Pushing Pedals: Cycles Gladiator Merlot

Great label. The Lady on the Bicycle is an homage to women's freedom during the Belle Epoque, when bicycle sales in France flourished prompted by the suffrage movement. Susan B. Anthony noted that bicycles gave women the ability to leave the home to work and vote. Cycles was just one bicycle company that “plastered Paris with posters” depicting free and liberated women on bikes au naturel.

Winemaker Adam LaZarre says he grew up in New York’s Finger Lakes area, but not until a U.S. Navy stint in Seattle did he get the wine bug. He started Cycles Gladiator in 2005. LaZarre’s creative tasting notes brought forth some online comment, and he tweeted that he used to write them while drinking tequila. "I don’t do that anymore," he wrote, "I changed to bourbon."

LaZarre calls this "little Merlot monster" a "fruit-driven cherry bomb of a wine." The alcohol is fairly restrained, at just 13.9% abv.  The fruit was nearly all grown in the Livermore Valley, and there are smidges of Cabernat Sauvignon and Syrah in it.  It was aged for 16 months in French and American oak.

The nose of the Cycles Gladiator Central Coast Merlot 2014 gives off a telltale funk, belying the Syrah, especially after a few days open. The fruit is dark and moody and there are notes of spice and a sweet smell, like burnt caramel, on the nose. The sip is powerful, belligerent fruit and brawny tannins, so don’t be shy. Cook a big, dirty steak and throw it on a plate next to a glass of this.

Friday, February 26, 2016

Bonny Doon Pushes Syrah Value

Bonny Doon’s chief, Randall Grahm, sums up his career in one paragraph, quite a feat for a guy who seemingly has never summed up anything in one paragraph. "Like Columbus who sought a trade route to Asia, Randall Grahm set sail in 1979 for the Great American Pinot Noir," it says, continuing in more Grahmesque prose, "foundered on the shoals of astringency and finesselessness and ended up running aground in the utterly unexpected New World of Rhône and Italian grape varieties." He left finesselessness behind long ago, and who needed a new trade route to China anyway.
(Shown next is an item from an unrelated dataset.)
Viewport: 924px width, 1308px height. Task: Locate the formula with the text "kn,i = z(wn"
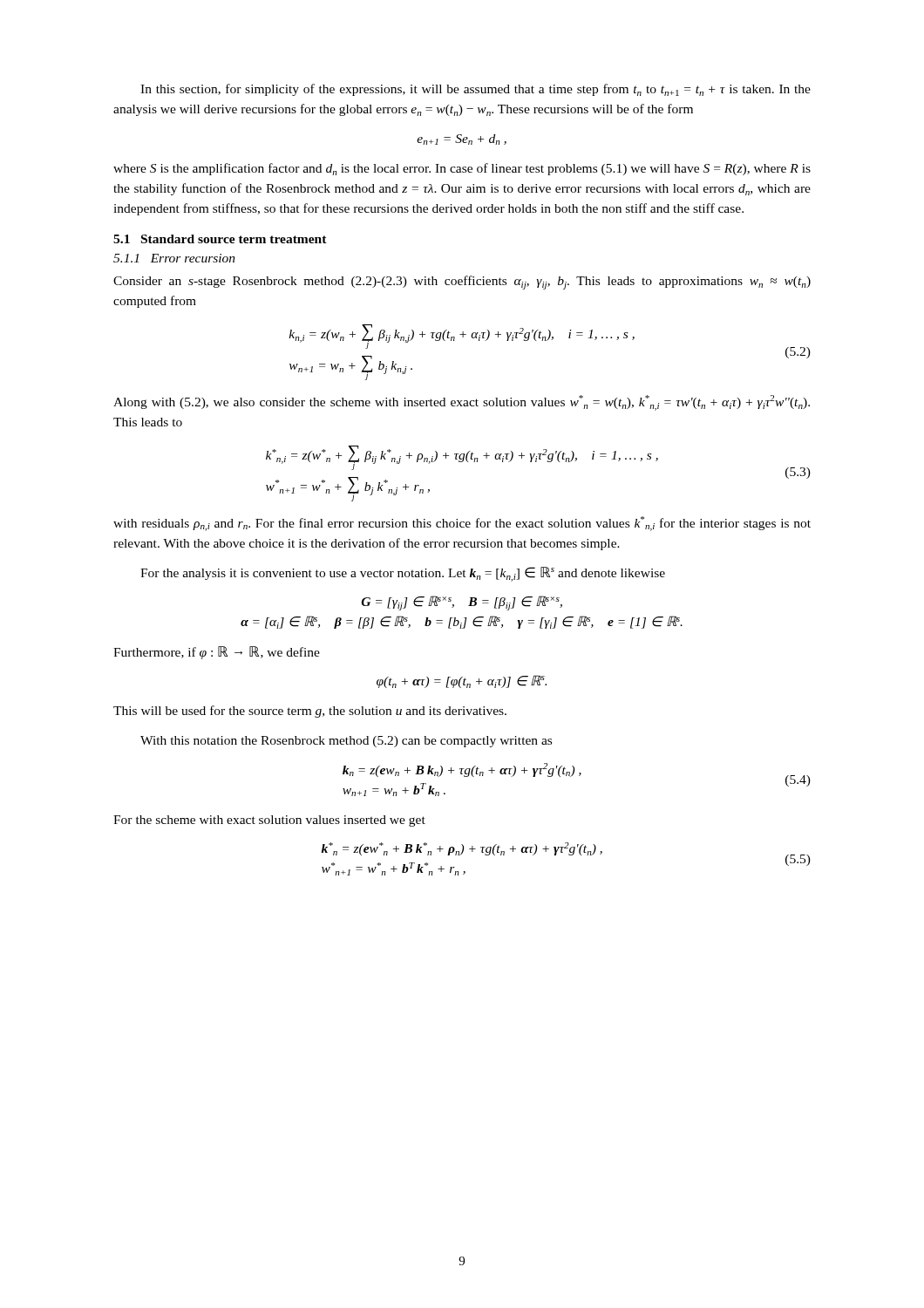[462, 351]

Grapes for the '13 Le Pousseur pushes together grapes from some great sites - 63% Bien Nacido, 34% Alamo Creek and 3% Ventana vineyards. This represents a lot more Bien Nacido than the 2012 edition, which is always good with me. Grahm says the vineyard "imparts a distinctive smoked meat/ bacon fat aspect, characteristic of the Syrah from that cool climate vineyard, even in a slightly warmer vintage." The wine clocks a reasonable 13.5% abv and retails for an even more reasonable $26.
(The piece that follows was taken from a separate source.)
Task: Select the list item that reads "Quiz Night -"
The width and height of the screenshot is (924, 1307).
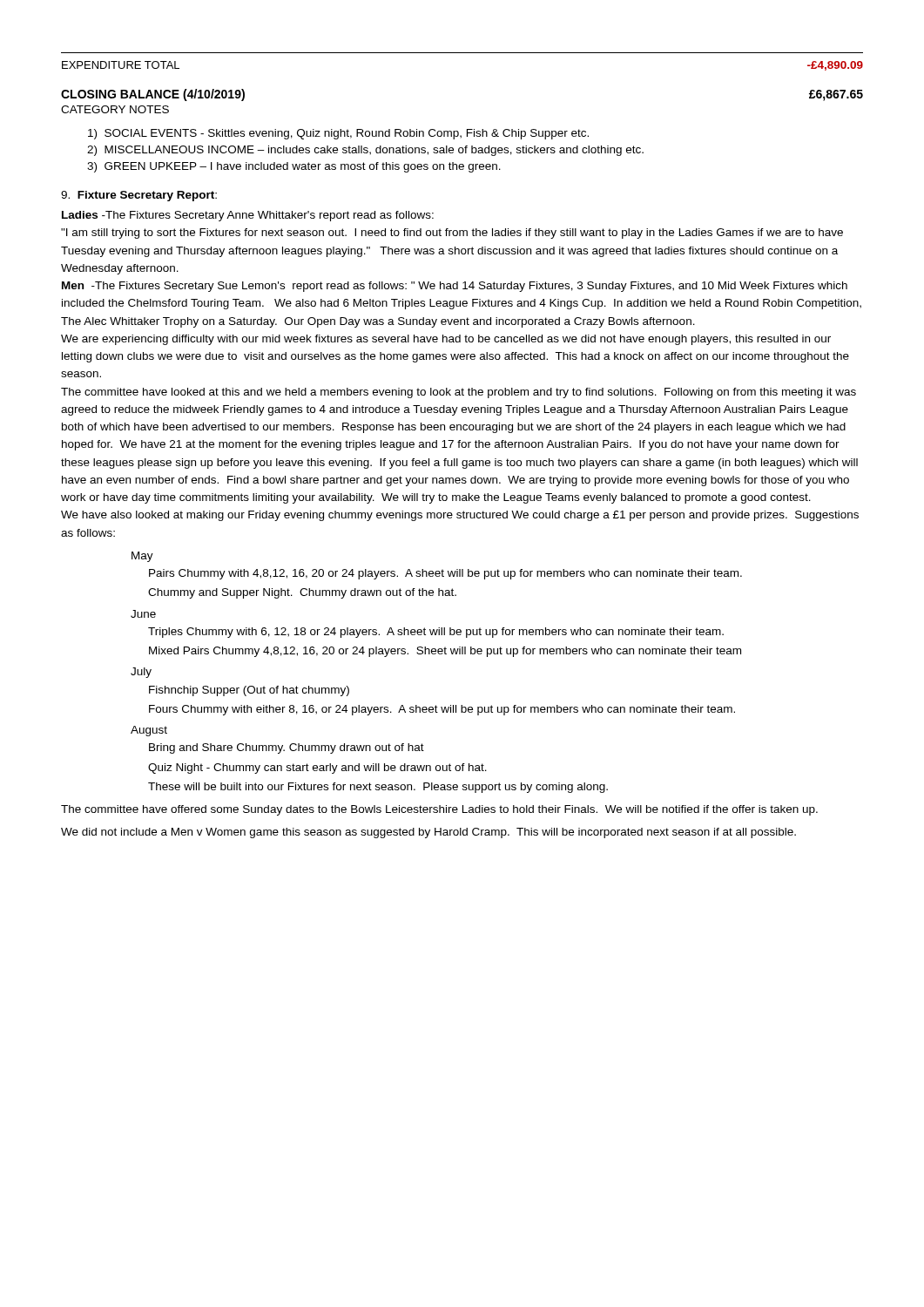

Le Pousseur is made in Grahm's custom, a minimal-intervention, hands-off style. What you taste here are the grapes and the dirt. Plenty of dirt.
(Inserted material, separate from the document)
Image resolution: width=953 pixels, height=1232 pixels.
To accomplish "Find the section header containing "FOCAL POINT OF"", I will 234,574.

As is usual with Grahm’s wines, savory hits first, and hardest. With almost two-thirds of the grapes from the great Bien Nacido Vineyard, one might expect a dark and savory nature in this wine. Grahm, however, seems to wring more of those qualities from that great soil than other winemakers. The nose is Rhônishly funky. Meat? Don't be a jerky. Forest floor? Scrape some off your shoe. Santa Maria Valley dirt? In spades. The palate allows for more black and blue berries to show, but that darkness permeates the flavors, too. Meat, spice and cigars all come to mind. The minerality of this wine is apparent in every whiff and sip.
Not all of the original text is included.